Records excerpted from a collection:
+ + + + +
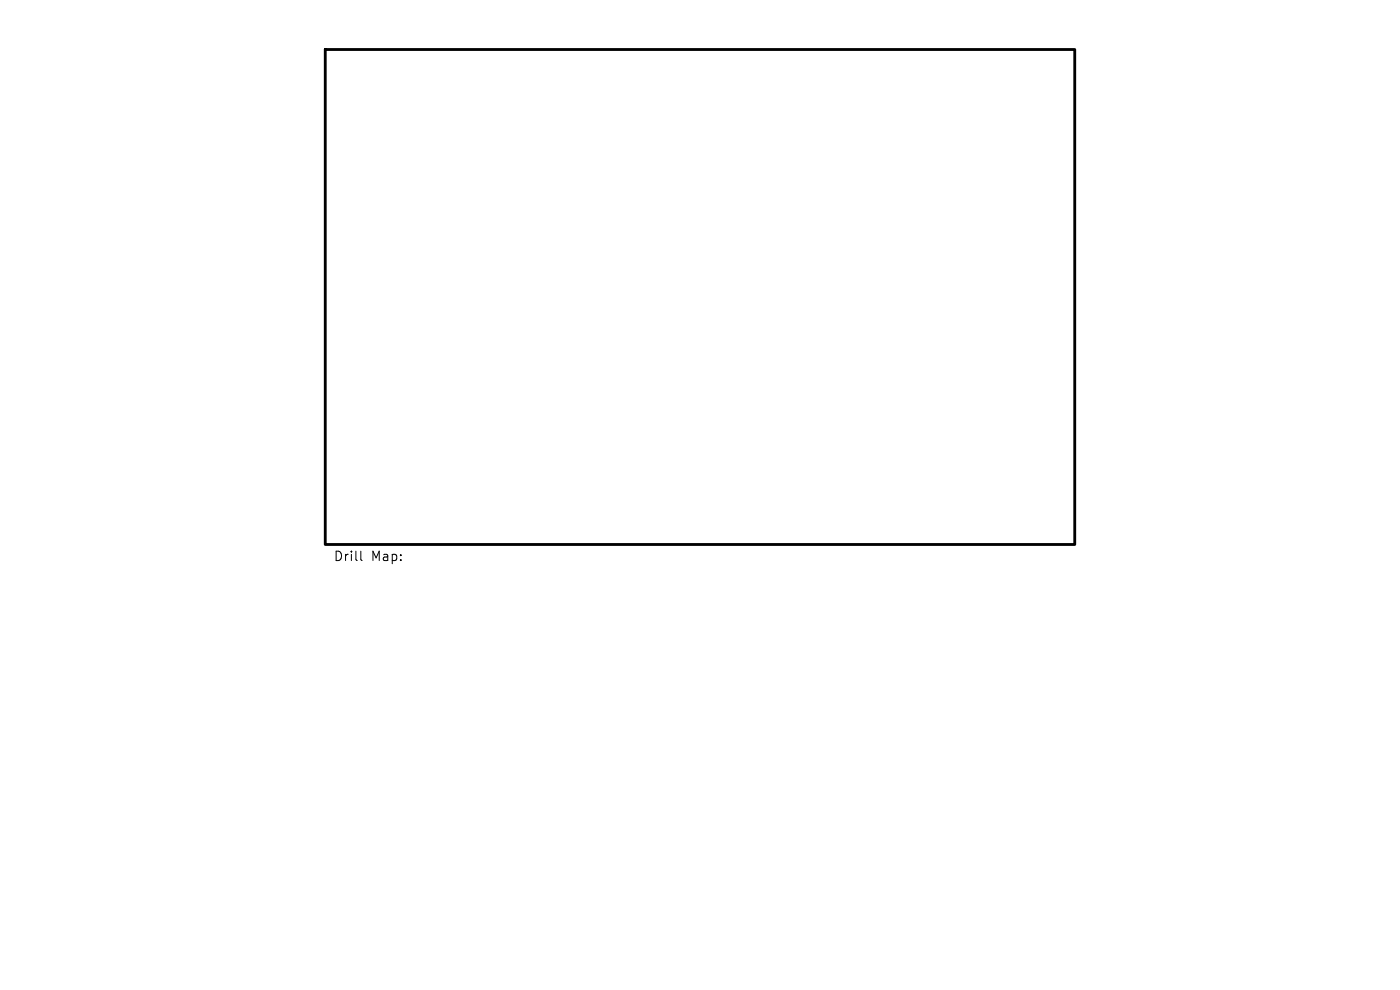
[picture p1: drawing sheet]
<svg xmlns="http://www.w3.org/2000/svg" width="297mm" height="210mm" viewBox="0 0 297 210" stroke-linecap="round" stroke-linejoin="round" font-family="sans-serif">
<defs><g id="words">
<g font-size="2.8">
<text x="70.7" y="119.3">Drill</text>
<text x="78.7" y="119.3">Map:</text>
</g>
</g></defs>
<path d="M69 10.5h159v105h-159z" fill="none" stroke="#000" stroke-width=".6"/>
<path d="M76.5 116.9v1.7l.3 .3" fill="none" stroke="#000" stroke-width=".21"/>
<use href="#words"/>
</svg>
+ + + + +
■ Task instructions
Your answer should hold the line with "</g></defs>" and each line after it to the end of the data, retyped exactly. Include no other lines.

■ Exercise answer
</g></defs>
<path d="M69 10.5h159v105h-159z" fill="none" stroke="#000" stroke-width=".6"/>
<path d="M76.5 116.9v1.7l.3 .3" fill="none" stroke="#000" stroke-width=".21"/>
<use href="#words"/>
</svg>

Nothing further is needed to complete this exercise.